Self-attention-based architectures, in particular, Transformers have become the model of choice in natural language processing (NLP). Inspired by NLP successes, multiple works try combining CNN-like architectures with self-attention, some replacing the convolutions entirely. The latter models, while theoretically efficient, have not yet been scaled effectively on modern hardware accelerators due to the use of specialized attention patterns. Inspired by the Transformer scaling successes in NLP, one of the experiments is applying a standard Transformer directly to the image [@ImageT]. Due to the widespread application of computer vision, these problems differ and are constantly being at the center of attention of more and more research.

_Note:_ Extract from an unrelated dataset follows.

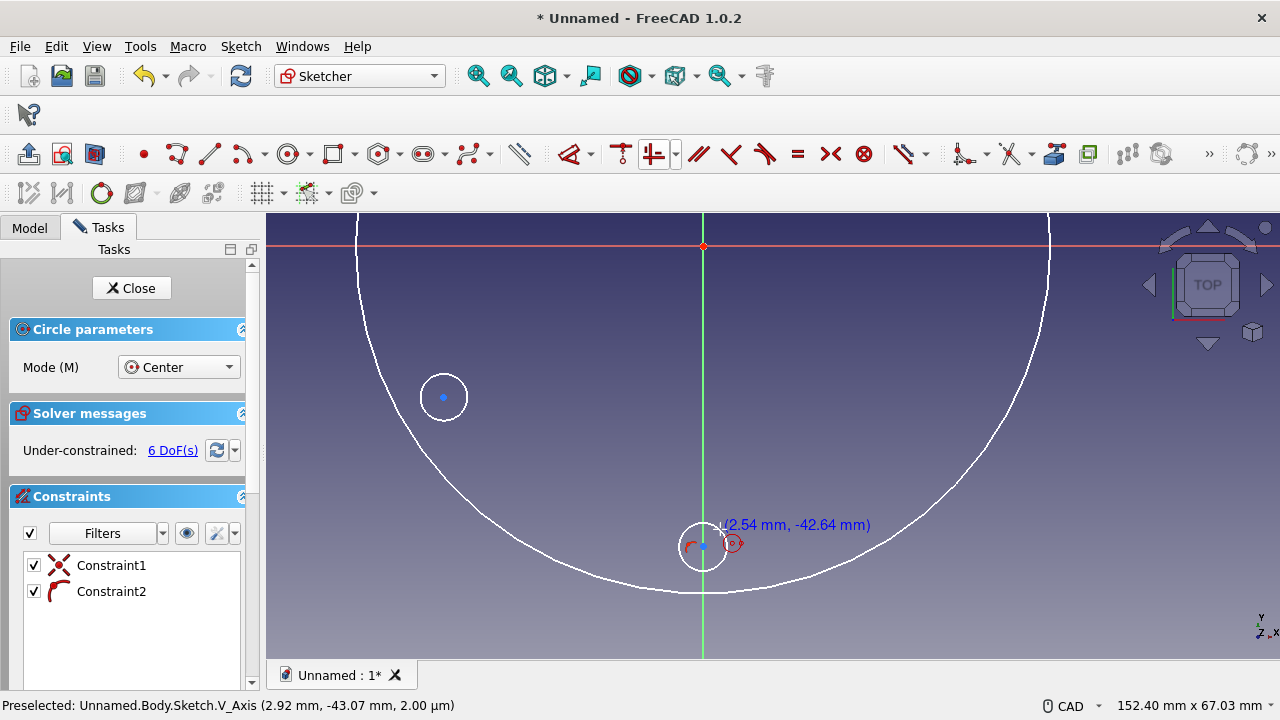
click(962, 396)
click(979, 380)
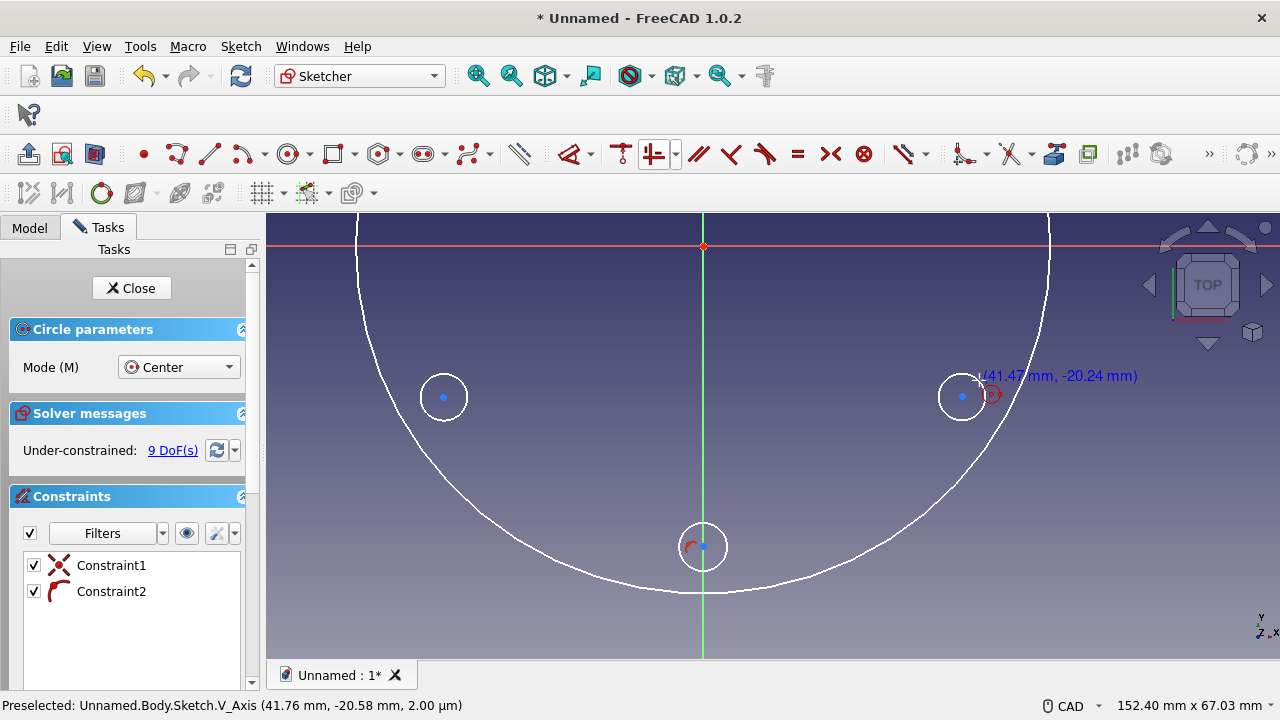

With the rapid development in NLP and CV in recent years, it was just a question of time to merge both modalities to tackle multi-modal tasks. The release of DALL-E 2 just hints at what one can expect from this merge in the future. DALL-E 2 is able to create photorealistic images or even art from any given text input. So it takes the information of one modality and turns it into another modality. It needs multi-modal datasets to make this possible, which are still relatively rare. This shows the importance of available data and the ability to use it even more. Nevertheless, all modalities are in need of huge datasets to pre-train their models. It's common to pre-train a model and fine-tune it afterwards for a specific task on another dataset. For example, every state-of-the-art CV model uses a classifier pre-trained on an ImageNet based dataset. The cardinality of the datasets used for CV is immense, but the datasets used for NLP are of a completely different magnitude. BERT uses the English Wikipedia and the Bookscorpus to pre-train the model. The latter consists of almost 1 billion words and 74 million sentences. The pre-training of GPT-3 is composed of five huge corpora: CommonCrawl, Books1 and Books2, Wikipedia and WebText2. Unlike language model pre-training that can leverage tremendous natural language data, vision-language tasks require high-quality image descriptions that are hard to obtain for free. Widely used pre-training datasets for VL-PTM are Microsoft Common Objects in Context (COCO), Visual Genome (VG), Conceptual Captions (CC), Flickr30k, LAION-400M and LAION-5B, which is now the biggest openly accessible image-text dataset.


Besides the importance of pre-training data, there must also be a way to test or compare the different models. A reasonable approach is to compare the performance on specific tasks, which is called benchmarking. A nice feature of benchmarks is that they allow us to compare the models to a human baseline. Different metrics are used to compare the performance of the models. Accuracy is widely used, but there are also some others. For CV the most common benchmark datasets are ImageNet, ImageNetReaL, CIFAR-10(0), OXFORD-IIIT PET, OXFORD Flower 102, COCO and Visual Task Adaptation Benchmark (VTAB). The most common benchmarks for NLP are General Language Understanding Evaluation (GLUE), SuperGLUE, SQuAD 1.1, SQuAD 2.0, SWAG, RACE, ReCoRD, and CoNLL-2003. VTAB, GLUE and SuperGLUE also provide a public leader board. Cross-modal tasks such as Visual Question Answering (VQA), Visual Commonsense Reasoning (VCR), Natural Language Visual Reasoning (NLVR), Flickr30K, COCO and Visual Entailment are common benchmarks for VL-PTM.